Go to the line in the entries below that holds "text case '*': [118, 831, 1122, 860]" and repeat exactly from there through the line that holds "text case '-': [118, 742, 1122, 771]", inclusive.

★ ★ ★

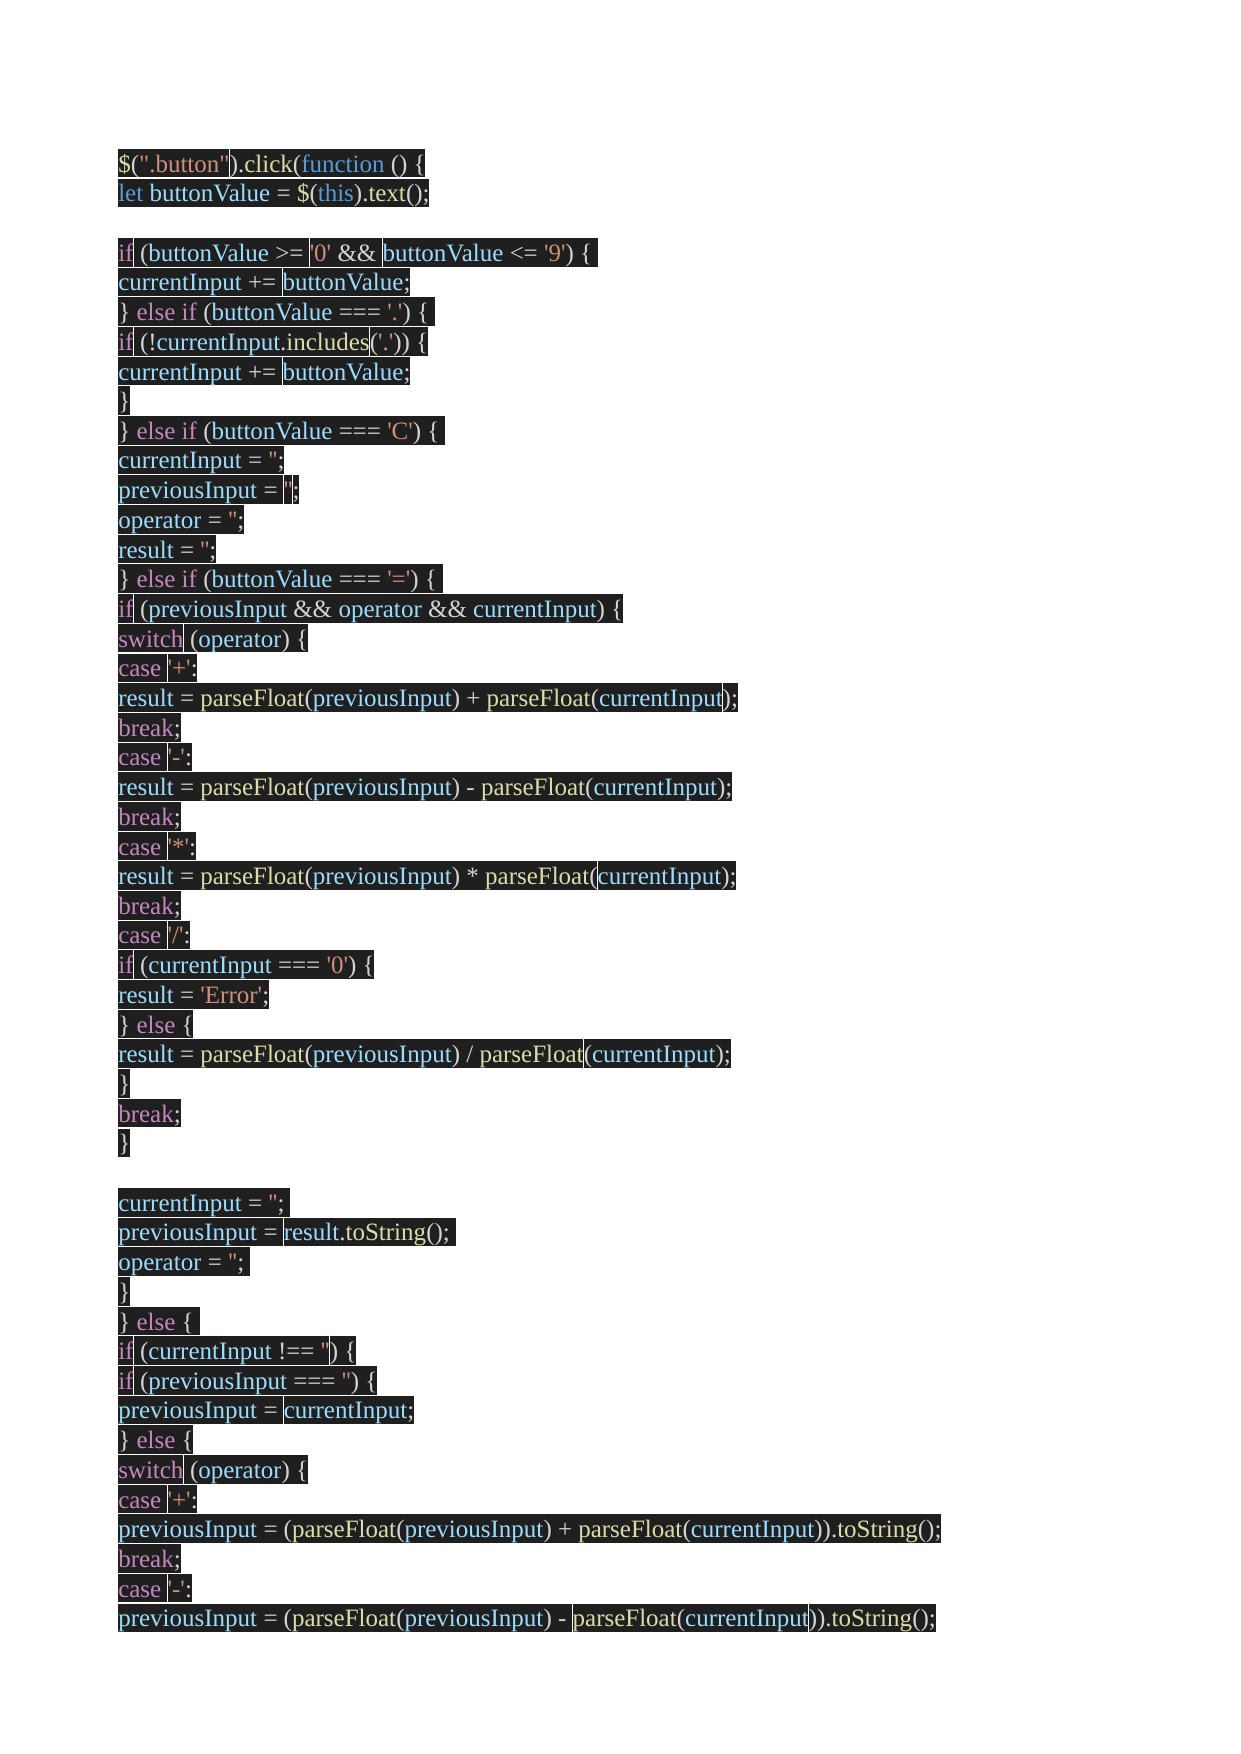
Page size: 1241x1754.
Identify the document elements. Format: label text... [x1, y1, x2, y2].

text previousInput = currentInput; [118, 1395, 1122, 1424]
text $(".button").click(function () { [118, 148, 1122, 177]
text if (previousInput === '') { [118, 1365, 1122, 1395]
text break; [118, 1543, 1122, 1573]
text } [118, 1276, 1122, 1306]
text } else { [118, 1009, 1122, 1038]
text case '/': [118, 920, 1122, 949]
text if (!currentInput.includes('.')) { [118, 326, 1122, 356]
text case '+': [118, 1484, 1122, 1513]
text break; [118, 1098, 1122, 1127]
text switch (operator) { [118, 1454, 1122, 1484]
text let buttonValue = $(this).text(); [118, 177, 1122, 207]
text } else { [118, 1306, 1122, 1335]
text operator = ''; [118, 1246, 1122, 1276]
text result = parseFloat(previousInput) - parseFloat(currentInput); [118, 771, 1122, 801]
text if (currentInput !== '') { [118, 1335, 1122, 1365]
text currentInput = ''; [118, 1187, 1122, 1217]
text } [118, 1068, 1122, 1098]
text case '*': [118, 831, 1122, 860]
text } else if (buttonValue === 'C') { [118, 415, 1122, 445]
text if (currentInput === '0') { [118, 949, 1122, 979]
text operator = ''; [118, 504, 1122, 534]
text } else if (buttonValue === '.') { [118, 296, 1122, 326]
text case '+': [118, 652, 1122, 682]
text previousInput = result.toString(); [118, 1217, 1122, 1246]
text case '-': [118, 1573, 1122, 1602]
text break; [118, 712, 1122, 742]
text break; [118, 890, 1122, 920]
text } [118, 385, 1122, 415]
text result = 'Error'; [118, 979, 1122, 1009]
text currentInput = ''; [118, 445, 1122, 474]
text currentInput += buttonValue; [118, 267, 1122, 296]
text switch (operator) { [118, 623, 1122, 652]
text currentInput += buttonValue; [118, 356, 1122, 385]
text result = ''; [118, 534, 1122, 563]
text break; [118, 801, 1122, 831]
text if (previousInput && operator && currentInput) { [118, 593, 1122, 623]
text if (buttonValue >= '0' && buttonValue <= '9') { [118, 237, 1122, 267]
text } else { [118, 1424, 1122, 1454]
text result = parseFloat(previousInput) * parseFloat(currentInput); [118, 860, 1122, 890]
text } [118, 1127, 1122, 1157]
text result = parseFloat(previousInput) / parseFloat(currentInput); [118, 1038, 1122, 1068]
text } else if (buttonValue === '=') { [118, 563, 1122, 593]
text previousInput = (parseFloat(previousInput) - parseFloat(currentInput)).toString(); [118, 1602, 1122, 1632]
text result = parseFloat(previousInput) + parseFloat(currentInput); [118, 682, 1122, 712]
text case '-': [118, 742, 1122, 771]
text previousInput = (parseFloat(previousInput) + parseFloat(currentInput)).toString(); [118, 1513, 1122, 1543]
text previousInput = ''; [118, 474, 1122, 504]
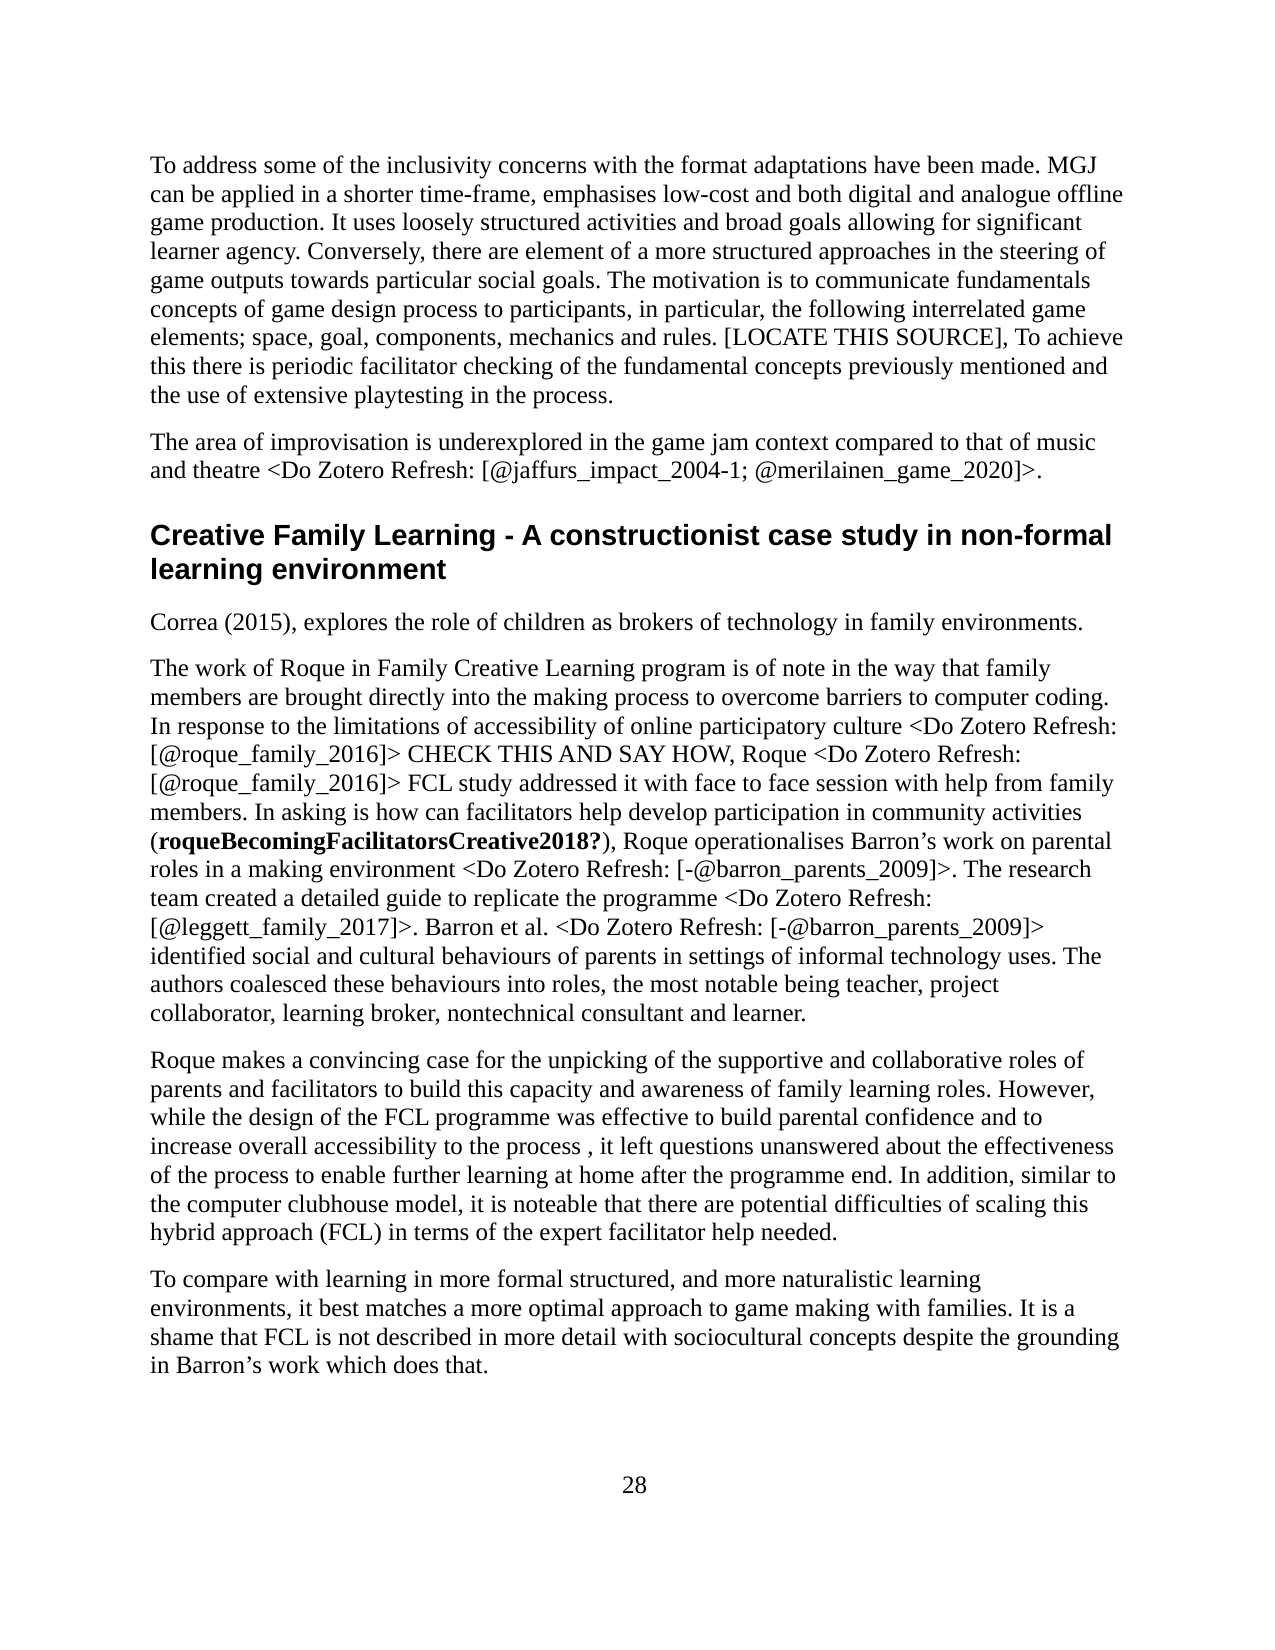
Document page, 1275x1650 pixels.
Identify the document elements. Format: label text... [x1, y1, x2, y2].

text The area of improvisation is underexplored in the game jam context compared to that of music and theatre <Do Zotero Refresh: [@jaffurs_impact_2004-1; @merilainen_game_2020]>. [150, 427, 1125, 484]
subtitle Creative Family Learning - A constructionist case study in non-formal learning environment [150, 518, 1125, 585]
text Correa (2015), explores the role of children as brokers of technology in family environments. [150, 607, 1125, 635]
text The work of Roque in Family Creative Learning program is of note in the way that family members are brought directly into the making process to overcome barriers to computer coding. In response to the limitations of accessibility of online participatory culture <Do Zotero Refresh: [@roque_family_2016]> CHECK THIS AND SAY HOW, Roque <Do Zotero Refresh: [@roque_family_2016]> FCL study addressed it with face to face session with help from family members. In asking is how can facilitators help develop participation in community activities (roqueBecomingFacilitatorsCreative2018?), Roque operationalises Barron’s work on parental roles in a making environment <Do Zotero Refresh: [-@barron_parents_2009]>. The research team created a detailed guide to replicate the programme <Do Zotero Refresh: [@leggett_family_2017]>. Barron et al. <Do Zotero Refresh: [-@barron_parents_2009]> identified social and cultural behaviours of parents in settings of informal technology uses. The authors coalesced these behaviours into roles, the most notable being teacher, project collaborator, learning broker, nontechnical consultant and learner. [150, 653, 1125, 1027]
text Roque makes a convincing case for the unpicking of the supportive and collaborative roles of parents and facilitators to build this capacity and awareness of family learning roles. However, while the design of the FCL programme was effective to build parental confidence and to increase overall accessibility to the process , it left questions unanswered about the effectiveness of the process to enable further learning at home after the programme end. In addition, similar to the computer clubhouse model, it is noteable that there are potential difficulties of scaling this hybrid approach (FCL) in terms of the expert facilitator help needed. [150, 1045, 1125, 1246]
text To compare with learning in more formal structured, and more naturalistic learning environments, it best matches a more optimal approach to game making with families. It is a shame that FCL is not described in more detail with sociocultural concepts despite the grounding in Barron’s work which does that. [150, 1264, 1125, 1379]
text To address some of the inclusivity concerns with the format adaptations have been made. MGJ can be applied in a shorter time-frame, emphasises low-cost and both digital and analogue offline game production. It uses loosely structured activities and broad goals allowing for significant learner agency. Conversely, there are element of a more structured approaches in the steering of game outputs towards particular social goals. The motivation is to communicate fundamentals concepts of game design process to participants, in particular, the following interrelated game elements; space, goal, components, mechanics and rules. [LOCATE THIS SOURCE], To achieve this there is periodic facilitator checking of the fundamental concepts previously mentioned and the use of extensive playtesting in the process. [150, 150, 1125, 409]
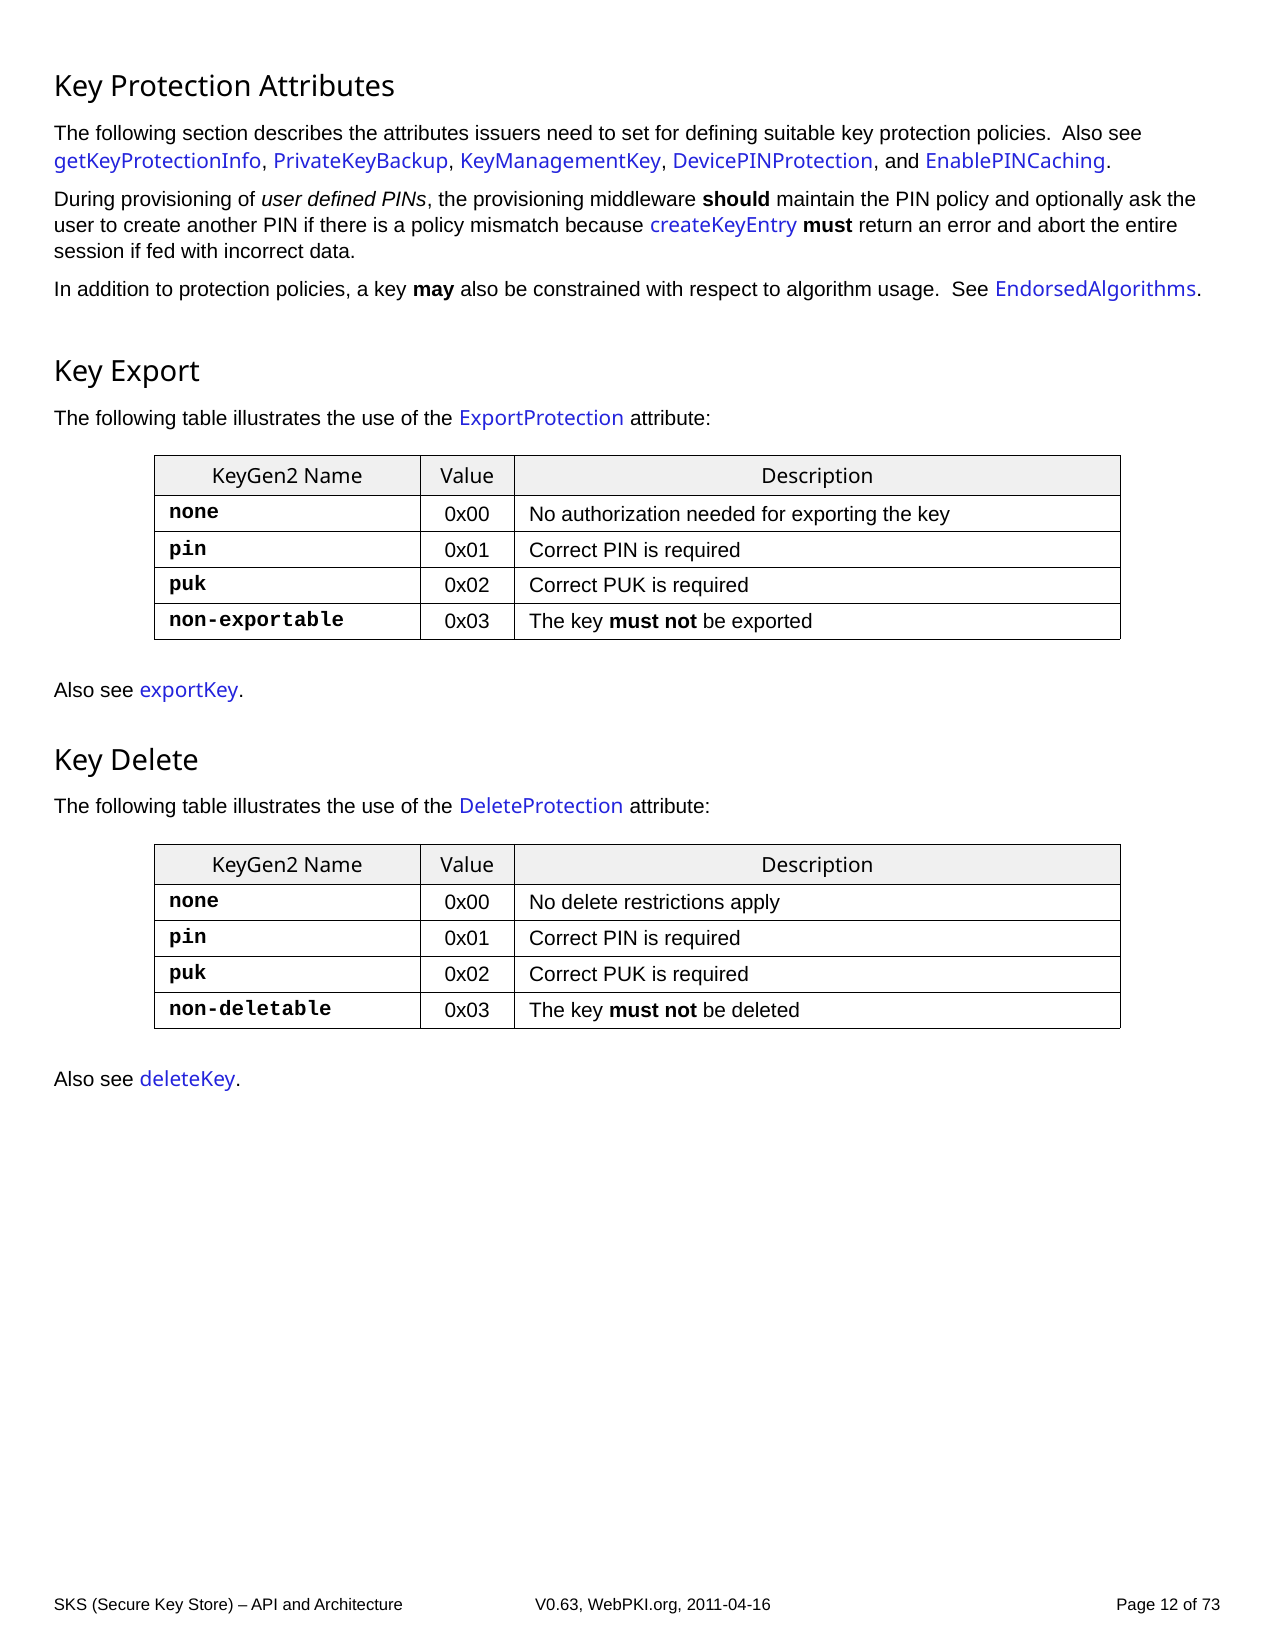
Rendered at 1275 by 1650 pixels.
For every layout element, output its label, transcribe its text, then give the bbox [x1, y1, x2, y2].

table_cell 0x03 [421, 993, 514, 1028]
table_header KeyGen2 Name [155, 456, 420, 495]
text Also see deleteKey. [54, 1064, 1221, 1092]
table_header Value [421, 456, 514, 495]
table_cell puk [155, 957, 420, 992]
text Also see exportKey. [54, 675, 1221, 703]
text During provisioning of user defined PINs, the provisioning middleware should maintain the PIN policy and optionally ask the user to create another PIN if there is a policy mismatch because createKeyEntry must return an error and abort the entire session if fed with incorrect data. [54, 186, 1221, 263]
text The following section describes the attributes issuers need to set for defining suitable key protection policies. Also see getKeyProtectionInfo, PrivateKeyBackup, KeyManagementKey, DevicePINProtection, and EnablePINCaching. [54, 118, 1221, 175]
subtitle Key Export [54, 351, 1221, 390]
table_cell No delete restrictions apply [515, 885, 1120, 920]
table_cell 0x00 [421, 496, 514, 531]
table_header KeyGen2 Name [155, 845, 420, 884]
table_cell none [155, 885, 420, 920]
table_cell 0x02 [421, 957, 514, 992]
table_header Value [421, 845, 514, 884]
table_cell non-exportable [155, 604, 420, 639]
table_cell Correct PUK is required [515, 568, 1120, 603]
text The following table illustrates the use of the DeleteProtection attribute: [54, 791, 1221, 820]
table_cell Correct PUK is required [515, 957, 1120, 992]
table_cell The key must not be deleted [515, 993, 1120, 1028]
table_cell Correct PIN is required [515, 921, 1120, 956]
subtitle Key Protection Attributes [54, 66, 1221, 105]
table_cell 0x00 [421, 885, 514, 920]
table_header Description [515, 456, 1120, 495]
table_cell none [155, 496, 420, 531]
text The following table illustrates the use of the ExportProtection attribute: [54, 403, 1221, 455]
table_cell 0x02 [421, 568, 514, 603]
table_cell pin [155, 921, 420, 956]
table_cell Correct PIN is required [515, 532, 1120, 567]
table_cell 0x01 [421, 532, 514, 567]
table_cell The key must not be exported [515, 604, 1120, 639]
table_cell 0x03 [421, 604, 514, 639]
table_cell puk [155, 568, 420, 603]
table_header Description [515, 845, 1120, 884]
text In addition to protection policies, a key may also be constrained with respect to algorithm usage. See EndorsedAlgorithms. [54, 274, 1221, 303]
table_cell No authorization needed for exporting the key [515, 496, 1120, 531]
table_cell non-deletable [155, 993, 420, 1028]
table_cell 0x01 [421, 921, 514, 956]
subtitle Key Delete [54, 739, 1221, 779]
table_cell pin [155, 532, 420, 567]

★ ★ ★

- **Reply to the exercise**
text case '*': [118, 831, 1122, 860]
text } else if (buttonValue === 'C') { [118, 415, 1122, 445]
text if (currentInput === '0') { [118, 949, 1122, 979]
text operator = ''; [118, 504, 1122, 534]
text } else if (buttonValue === '.') { [118, 296, 1122, 326]
text case '+': [118, 652, 1122, 682]
text previousInput = result.toString(); [118, 1217, 1122, 1246]
text case '-': [118, 1573, 1122, 1602]
text break; [118, 712, 1122, 742]
text break; [118, 890, 1122, 920]
text } [118, 385, 1122, 415]
text result = 'Error'; [118, 979, 1122, 1009]
text currentInput = ''; [118, 445, 1122, 474]
text currentInput += buttonValue; [118, 267, 1122, 296]
text switch (operator) { [118, 623, 1122, 652]
text currentInput += buttonValue; [118, 356, 1122, 385]
text result = ''; [118, 534, 1122, 563]
text break; [118, 801, 1122, 831]
text if (previousInput && operator && currentInput) { [118, 593, 1122, 623]
text if (buttonValue >= '0' && buttonValue <= '9') { [118, 237, 1122, 267]
text } else { [118, 1424, 1122, 1454]
text result = parseFloat(previousInput) * parseFloat(currentInput); [118, 860, 1122, 890]
text } [118, 1127, 1122, 1157]
text result = parseFloat(previousInput) / parseFloat(currentInput); [118, 1038, 1122, 1068]
text } else if (buttonValue === '=') { [118, 563, 1122, 593]
text previousInput = (parseFloat(previousInput) - parseFloat(currentInput)).toString(); [118, 1602, 1122, 1632]
text result = parseFloat(previousInput) + parseFloat(currentInput); [118, 682, 1122, 712]
text case '-': [118, 742, 1122, 771]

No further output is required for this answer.